Premium
Improved Humoral and Cellular Immune Responses Against the gp120 V3 Loop of HIV‐1 Following Genetic Immunization with a Chimeric DNA Vaccine Encoding the V3 Inserted into the Hepatitis B Surface Antigen
Author(s) -
Anders Fomsgaard,
Nielsen Hv,
Karin Bryder,
Christoffer Tandrup Nielsen,
Roberto Machuca,
Lone Bruun,
Jan Erik Hansen,
Søren Buus
Publication year - 1998
Publication title -
scandinavian journal of immunology
Language(s) - English
Resource type - Journals
SCImago Journal Rank - 0.934
H-Index - 88
eISSN - 1365-3083
pISSN - 0300-9475
DOI - 10.1046/j.1365-3083.1998.00323.x
Subject(s) - virology , immunogenicity , hbsag , v3 loop , epitope , ctl* , biology , dna vaccination , antigen , antibody , immune system , vaccination , hepatitis b virus , immunization , virus , immunology , cd8
The gp120‐derived V3 loop of HIV‐1 is involved in co‐receptor interaction, it guides cell tropism, and contains an epitope for antibody neutralization. Thus, HIV‐1 V3 is an attractive vaccine candidate. The V3 of the MN strain (MN V3) contains both B‐ and T‐cell epitopes, including a known mouse H‐2 d ‐restricted cytotoxic T lymphocyte (CTL) epitope. In an attempt to improve the immunogenicity of V3 in DNA vaccines, a plasmid expressing MN V3 as a fusion protein with the highly immunogenic middle (pre‐S2 + S) surface antigen of hepatitis B virus (HBsAg) was constructed. Epidermal inoculation by gene gun was used for genetic immunization in a mouse model.
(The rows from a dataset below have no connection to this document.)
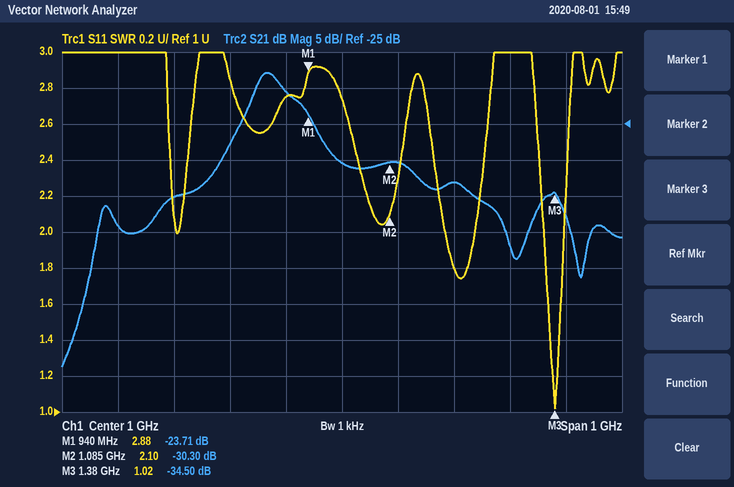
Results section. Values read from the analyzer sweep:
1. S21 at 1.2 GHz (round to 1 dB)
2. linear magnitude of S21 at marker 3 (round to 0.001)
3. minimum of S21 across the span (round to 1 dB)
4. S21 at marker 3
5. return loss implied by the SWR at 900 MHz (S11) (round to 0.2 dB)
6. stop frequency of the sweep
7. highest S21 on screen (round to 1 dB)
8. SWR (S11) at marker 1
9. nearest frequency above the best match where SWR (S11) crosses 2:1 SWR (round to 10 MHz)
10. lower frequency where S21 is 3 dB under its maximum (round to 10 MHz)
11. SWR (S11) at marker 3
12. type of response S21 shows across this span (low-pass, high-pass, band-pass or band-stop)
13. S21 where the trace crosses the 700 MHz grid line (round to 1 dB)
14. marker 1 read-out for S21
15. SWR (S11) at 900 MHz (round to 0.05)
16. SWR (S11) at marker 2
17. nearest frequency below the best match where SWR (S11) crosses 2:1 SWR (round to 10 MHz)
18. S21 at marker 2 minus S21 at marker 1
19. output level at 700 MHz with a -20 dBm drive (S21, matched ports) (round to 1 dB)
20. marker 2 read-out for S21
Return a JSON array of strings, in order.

["-33 dB", "0.019", "-59 dB", "-34.50 dB", "6.6 dB", "1.5 GHz", "-18 dB", "2.88", "1.40 GHz", "840 MHz", "1.02", "band-pass", "-35 dB", "-23.71 dB", "2.75", "2.10", "1.36 GHz", "-6.59 dB", "-55 dBm", "-30.30 dB"]

Antibody and CTL responses to MN V3 and HBsAg were measured and compared with the immune responses obtained after vaccination with plasmids encoding the complete HIV‐1 MN gp160 and HBsAg (pre‐S2 + S), respectively. DNA vaccination with the HIV MN gp160 envelope plasmid induced a slow and low titred anti‐MN V3 antibody response at 12 weeks post‐inoculation (p.i.) and a late appearing (7 weeks), weak and variable CTL response. In contrast, DNA vaccination with the HBsAg‐encoding plasmid induced a rapid and high titred anti‐HBsAg antibody response and a uniform strong anti‐HBs CTL response already 1 week p.i. in all mice. DNA vaccination with the chimeric MN V3/HBsAg plasmid elicited humoral responses against both viruses within 3–6 weeks which peaked at 6–12 weeks and remained stable for at least 25 weeks. In addition, specific CTL responses were induced in all mice against both MN V3 and HBsAg already within the first 3 weeks, lasting at least 11 weeks. Thus, HBsAg acts as a ‘genetic vaccine adjuvant’ augmenting and accelerating the cellular and humoral immune response against the inserted MN V3 loop. Such chimeric HIV–HBsAg plasmid constructs may be useful in DNA immunizations as a ‘carrier’ of protein regions or minimal epitopes which are less exposed or poorly immunogenic.